Results were at their lowest in Q3 2015, when China devalued the yuan.
These are signs that the current contraction phase may be hitting the bottom soon, wrote the survey's co-authors.
"If recent signs of improved activities in China continue, and barring any major turbulence, pessimism among Singapore firms could diminish further and the prolonged contraction could reach a trough by the second half of the year," they said.
As the contraction phase wears on, firms are seeing a slight glimmer of hope in the days ahead. Business prospects from April to September was the only indicator which registered an improvement in Q1 2016.
Though still overwhelmingly pessimistic, the indicator's net weighted balance, or the difference between proportion of optimistic and pessimistic firms, rose by three points to -55 per cent.
This slight uptick is not unfounded, as they echo the tone set by other recent data releases, said CIMB economist Song Seng Wun.
Industrial production numbers showed a 0.5 per cent year-on-year fall in March this year, beating market expectations by quite a margin. Tourist arrivals also rose by 12.3 per cent in the first two months of this year.
With some parts of the economy picking up though overall sentiment is still weak, the 1.8 per cent Q2 growth prediction from the BT-UniSim survey "supports this general feeling", said Mr Song.
Added to the sense of weakening pessimism was that China's economy seems to have emerged from the rough patch seen earlier this year. China's economic growth, industrial output, fixed-asset investment and retail sales data improved in March.
Respondents to the BT-UniSim survey reflected this mood.

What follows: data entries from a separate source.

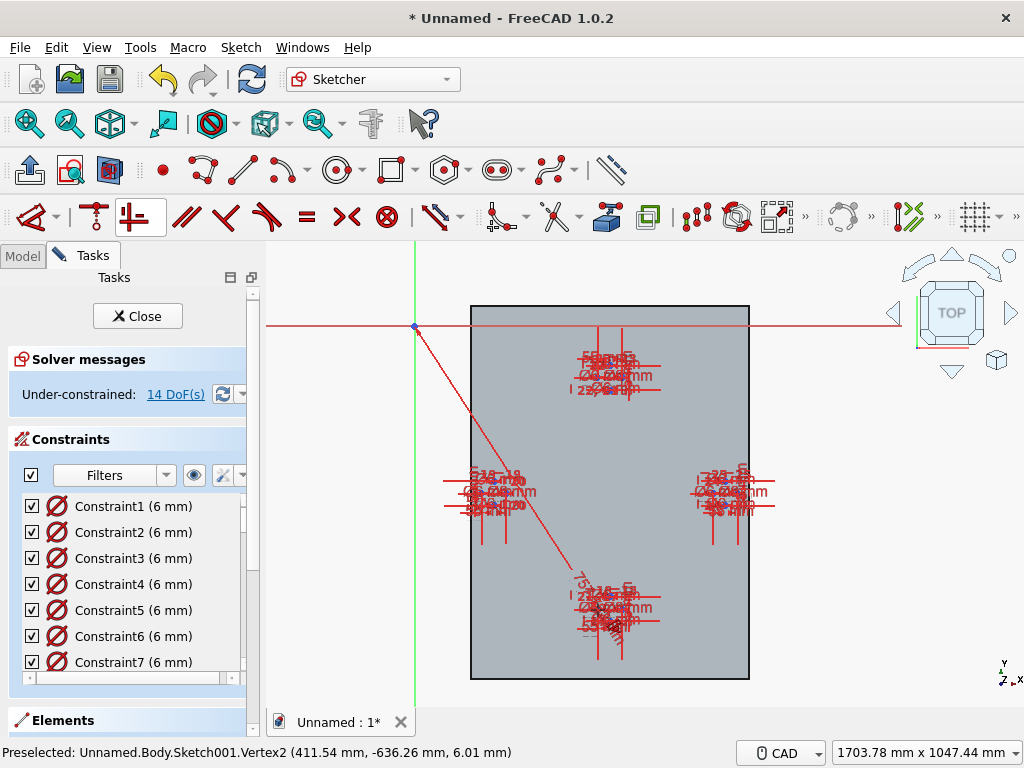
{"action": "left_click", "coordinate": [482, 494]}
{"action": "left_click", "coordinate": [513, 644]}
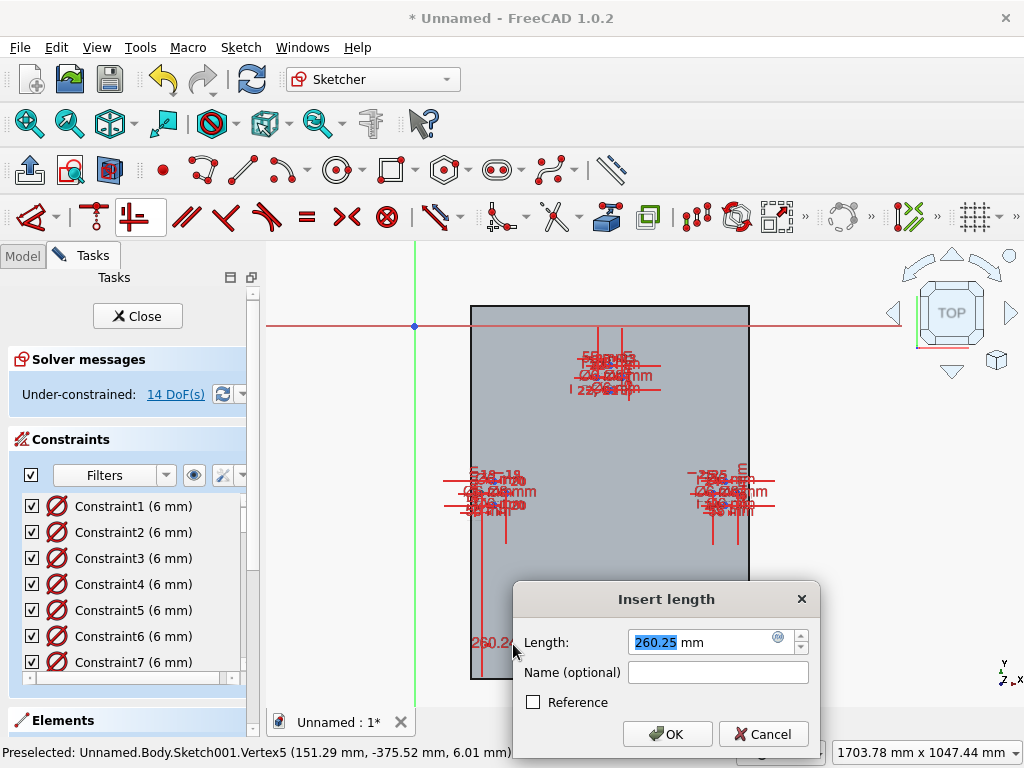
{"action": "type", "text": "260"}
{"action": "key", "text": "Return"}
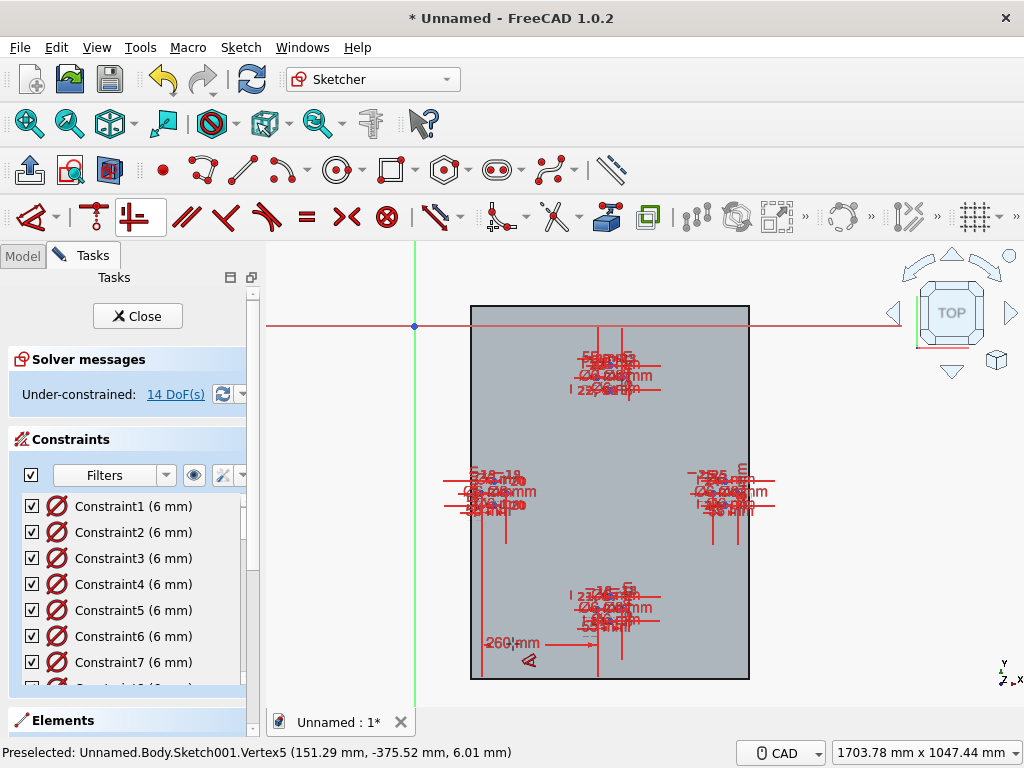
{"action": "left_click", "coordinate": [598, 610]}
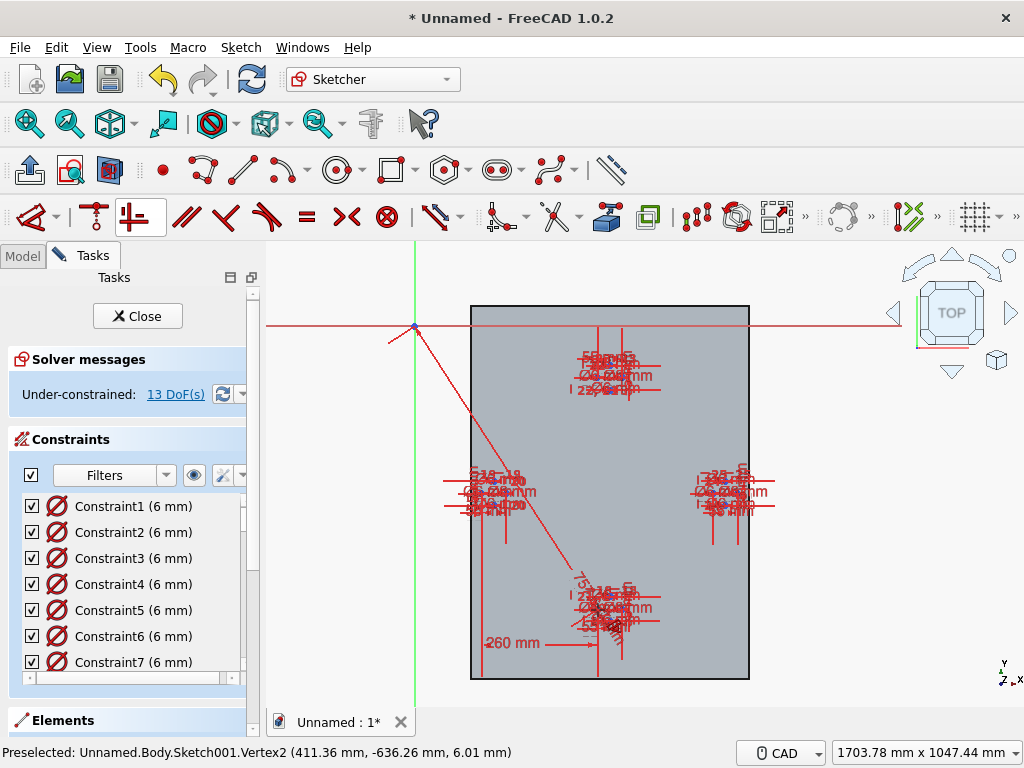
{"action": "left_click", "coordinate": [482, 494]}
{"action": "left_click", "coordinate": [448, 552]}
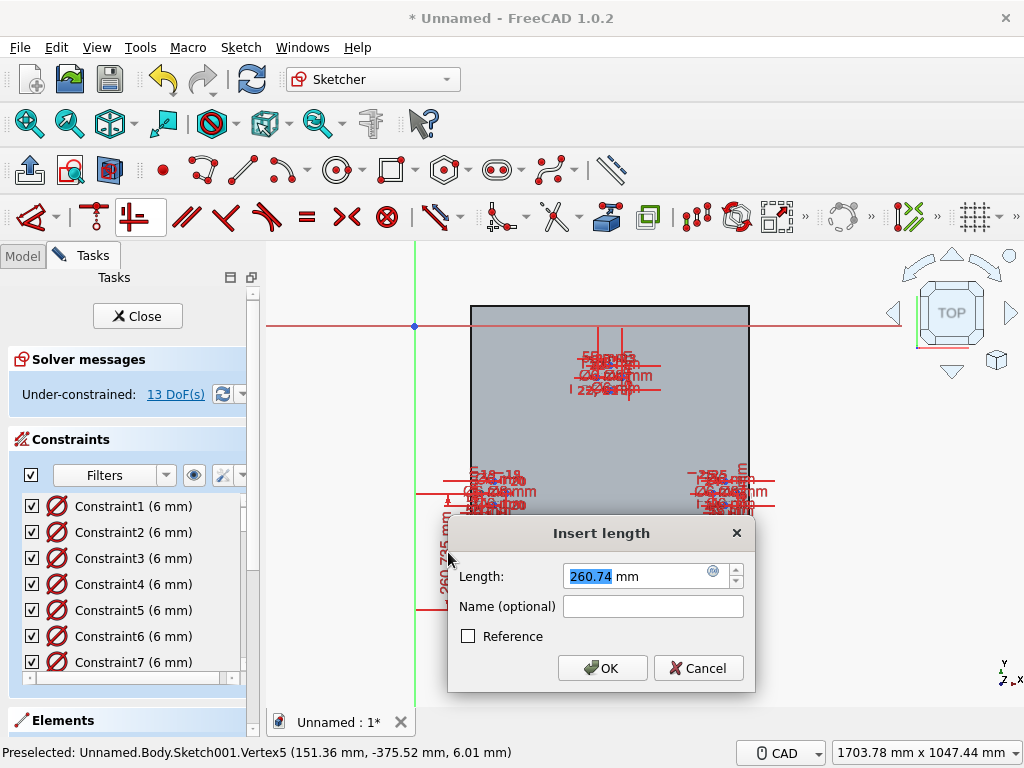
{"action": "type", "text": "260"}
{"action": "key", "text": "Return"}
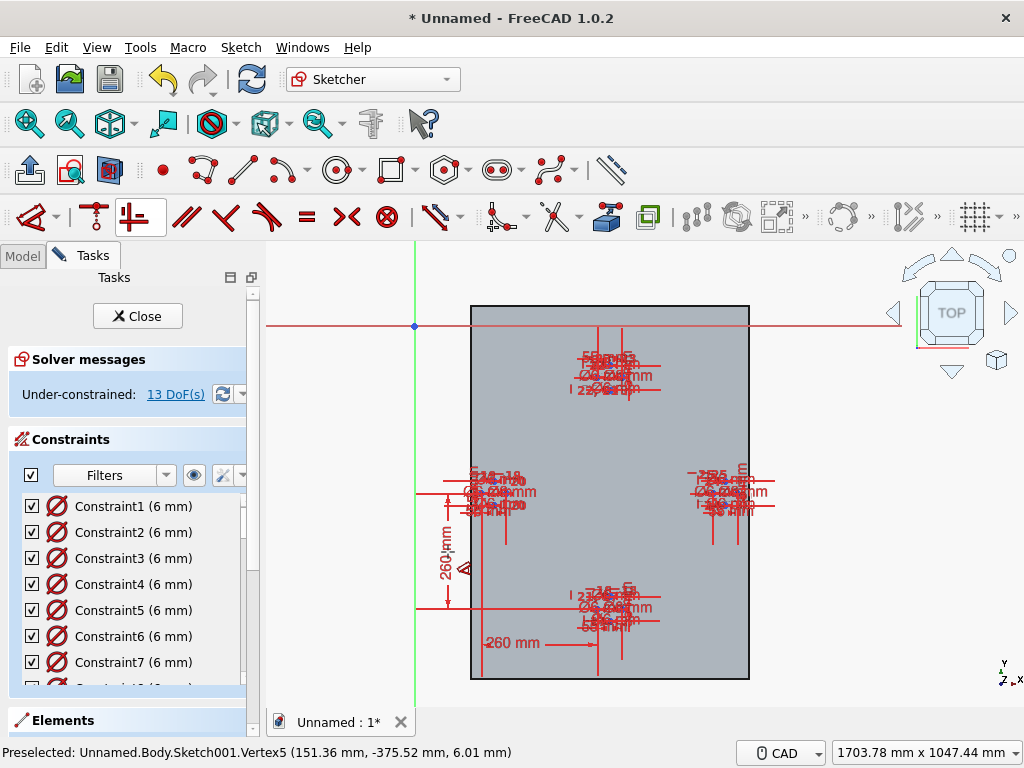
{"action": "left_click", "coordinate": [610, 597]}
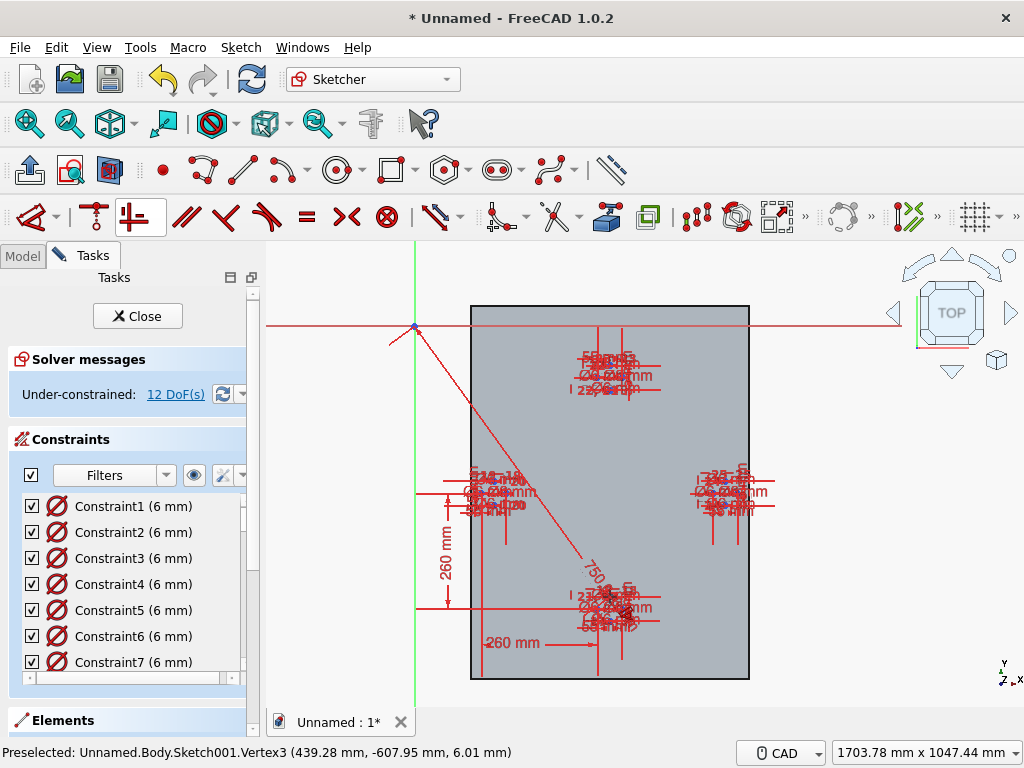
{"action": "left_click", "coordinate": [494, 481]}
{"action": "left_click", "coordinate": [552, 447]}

Asked which country will have the largest impact on sales this year, survey respondents most often cited China.
This is followed by Malaysia, Indonesia and the United States.
More notably, China's impact has strengthened. This is the first time since 2012, when respondents started being asked this question, that China has been one of the top-three most-cited countries irrespective of firms' size, ownership and sector.
This underscores how leveraged Singaporean firms are to the Chinese economy, said ANZ economist Ng Weiwen.
"Notwithstanding the lingering uncertainty on the strength in external demand, growth-supportive policies in China will bode well for Singapore firms," he said.
OCBC economist Selena Ling, however, cautioned firms against being too optimistic about China's stability.
Pointing to high debt and leverage conditions as weakening credit and liquidity for Chinese corporates, and also defaulting of state-owned enterprises, she said: "It's early days of stabilisation, but the worst may not be over for China yet."
External growth is still tepid and domestic growth muted, she said, and pointed to the BT-UniSim survey's growth prediction that outlook for the economy was still patchy.
"My sense is that Q2 domestic growth will be very soft as well - at sub-2 per cent or even 1.8 per cent.
"In fact, a technical recession still looks possible in the first half of 2016," she said.